Taro leaves can cause itching in the hands while handling them due to the calcium oxalate. This can be avoided by rubbing hands with tamarind juice before handling taro leaves. I didn't get any itching while handling the ones from King's Seafood though I cannot say the same about the ones we get in India. Pathrado is also garnished with coconut oil to prevent itching in the throat. The secret to tasty pathrado also lies in using tender or young taro leaves as opposed to larger taro leaves.

Pathrado makes a great combination with rice and bland dal or dalitoy. When I was a kid I would relish it with "duddh-sheet" (milk mixed with rice in Konkani).
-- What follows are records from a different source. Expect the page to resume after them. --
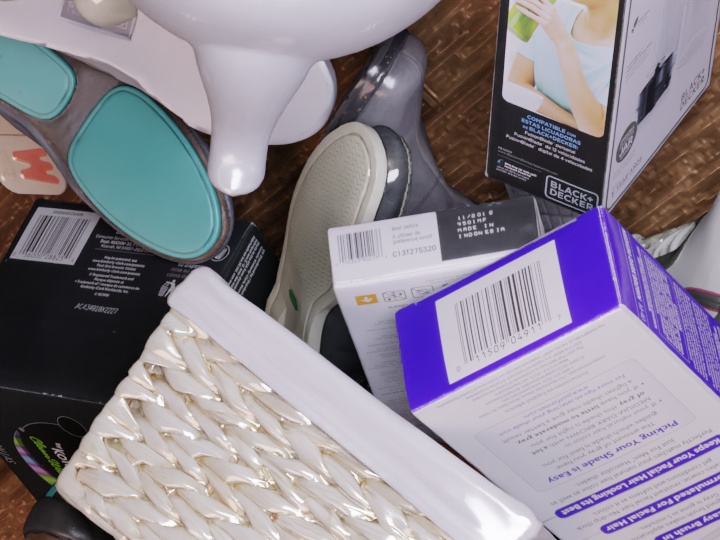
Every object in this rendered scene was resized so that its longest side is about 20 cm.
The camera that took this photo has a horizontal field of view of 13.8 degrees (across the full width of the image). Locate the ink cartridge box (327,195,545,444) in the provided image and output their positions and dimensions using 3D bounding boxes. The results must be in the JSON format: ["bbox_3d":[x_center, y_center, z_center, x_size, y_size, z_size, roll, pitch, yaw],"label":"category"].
[{"bbox_3d":[0.048,0.031,1.382,0.095,0.037,0.200,-9,150,5],"label":"ink cartridge box"}]

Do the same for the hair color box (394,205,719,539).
[{"bbox_3d":[0.116,0.064,1.328,0.109,0.065,0.200,-27,135,21],"label":"hair color box"}]

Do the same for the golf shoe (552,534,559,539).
[{"bbox_3d":[0.069,0.129,1.543,0.078,0.095,0.200,14,145,-19],"label":"golf shoe"}]

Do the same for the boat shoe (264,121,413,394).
[{"bbox_3d":[0.000,0.000,1.431,0.068,0.072,0.200,-6,141,-18],"label":"boat shoe"}]

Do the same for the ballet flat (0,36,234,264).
[{"bbox_3d":[-0.136,-0.080,1.508,0.200,0.073,0.073,39,140,8],"label":"ballet flat"}]

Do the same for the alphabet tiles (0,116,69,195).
[{"bbox_3d":[-0.185,-0.123,1.566,0.196,0.015,0.200,2,128,34],"label":"alphabet tiles"}]

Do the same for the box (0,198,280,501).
[{"bbox_3d":[-0.098,0.074,1.566,0.148,0.124,0.200,7,146,33],"label":"box"}]

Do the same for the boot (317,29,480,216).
[{"bbox_3d":[0.046,-0.031,1.454,0.132,0.070,0.200,27,150,9],"label":"boot"}]

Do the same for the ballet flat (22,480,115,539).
[{"bbox_3d":[-0.093,0.164,1.509,0.068,0.068,0.200,2,145,38],"label":"ballet flat"}]

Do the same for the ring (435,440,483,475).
[{"bbox_3d":[-0.007,0.161,1.474,0.200,0.019,0.200,-6,122,-9],"label":"ring"}]

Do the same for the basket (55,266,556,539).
[{"bbox_3d":[-0.022,0.112,1.335,0.200,0.123,0.136,36,176,17],"label":"basket"}]

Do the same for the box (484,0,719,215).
[{"bbox_3d":[0.111,-0.135,1.267,0.060,0.117,0.200,23,139,20],"label":"box"}]

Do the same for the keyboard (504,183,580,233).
[{"bbox_3d":[0.115,0.036,1.420,0.056,0.011,0.200,13,129,56],"label":"keyboard"}]

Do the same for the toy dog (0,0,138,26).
[{"bbox_3d":[-0.137,-0.202,1.316,0.140,0.200,0.194,-16,117,43],"label":"toy dog"}]

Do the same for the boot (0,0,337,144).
[{"bbox_3d":[-0.099,-0.126,1.448,0.200,0.096,0.074,24,108,1],"label":"boot"}]

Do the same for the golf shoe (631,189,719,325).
[{"bbox_3d":[0.153,0.010,1.401,0.088,0.077,0.200,32,139,16],"label":"golf shoe"}]

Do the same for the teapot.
[{"bbox_3d":[-0.033,-0.172,1.237,0.197,0.200,0.146,52,168,7],"label":"teapot"}]

These are the photos from when my mom made pathrado during my last India trip. 


 
Ingredients
10-15 patra leaves
2 cups moong dal or use the pulse and rice combination mentioned above
1 teaspoon tamarind concentrate or half lemon sized piece of tamarind
1 tablespoon jaggery or gur
1 cup grated coconut
pinch of asafoetida
10-15 byadgi red chilies or as per taste
salt for taste
coconut oil for garnishing

Method
Wash and soak moong dal or the desired pulse-rice combination for 4-5 hours. Roast the red chilies on slow flame till crisp. Take care not to burn the chilies. Wash and clean the taro leaves. Gently remove the veins found on back of these leaves with a sharp knife. 


Drain the soaked moong dal  or the pulse-rice combination you are using, and grind it into a smooth paste with jaggery, tamarind, coconut, asafoetida and red chilies.  use as little water as possible to make a paste of thicker consistency. Add salt as per taste.
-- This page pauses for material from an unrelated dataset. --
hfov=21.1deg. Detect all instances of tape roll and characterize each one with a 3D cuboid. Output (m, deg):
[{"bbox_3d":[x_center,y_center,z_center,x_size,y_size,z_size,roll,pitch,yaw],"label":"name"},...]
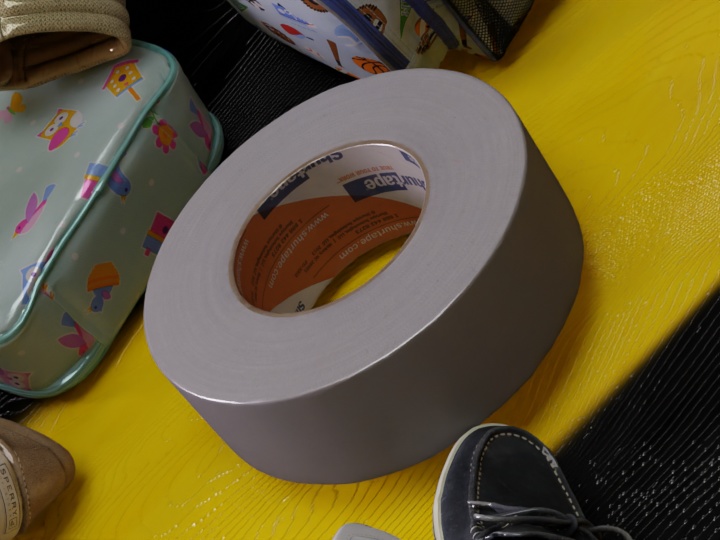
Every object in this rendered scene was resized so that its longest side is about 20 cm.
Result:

To make the pathrado take the pathrado leaf and keep it back side up on a plate or "taat" in Konkani. Spread the paste on the leaf.



 If the leaf is small you can keep two leaves side by side.




Keep adding leaves and spreading the mixture until you have around 6-8 leaves depending on the size. The idea is to use as many leaves as possible, but also keep room to fold the leaves into a roll.

When the second set of leaves are added on the lower set place them upside down (see the above photo and the one below). It helps to roll the leaves with ease.







 When the mixture has been spread on the leaves it is time to roll the pathrado. First roll the sides towards the center.

 

Then roll it from bottom to top.





 Place the roll in a steamer (Pedavan in Konkani) or the pathrado can be steamed in a pressure cooker without using the weigh.




Steam it for around 25-30 minutes till it is well cooked. Undercooked pathrado can cause itching in the throat. Cut the roll into 1/2 inch slices and garnish well with coconut oil. 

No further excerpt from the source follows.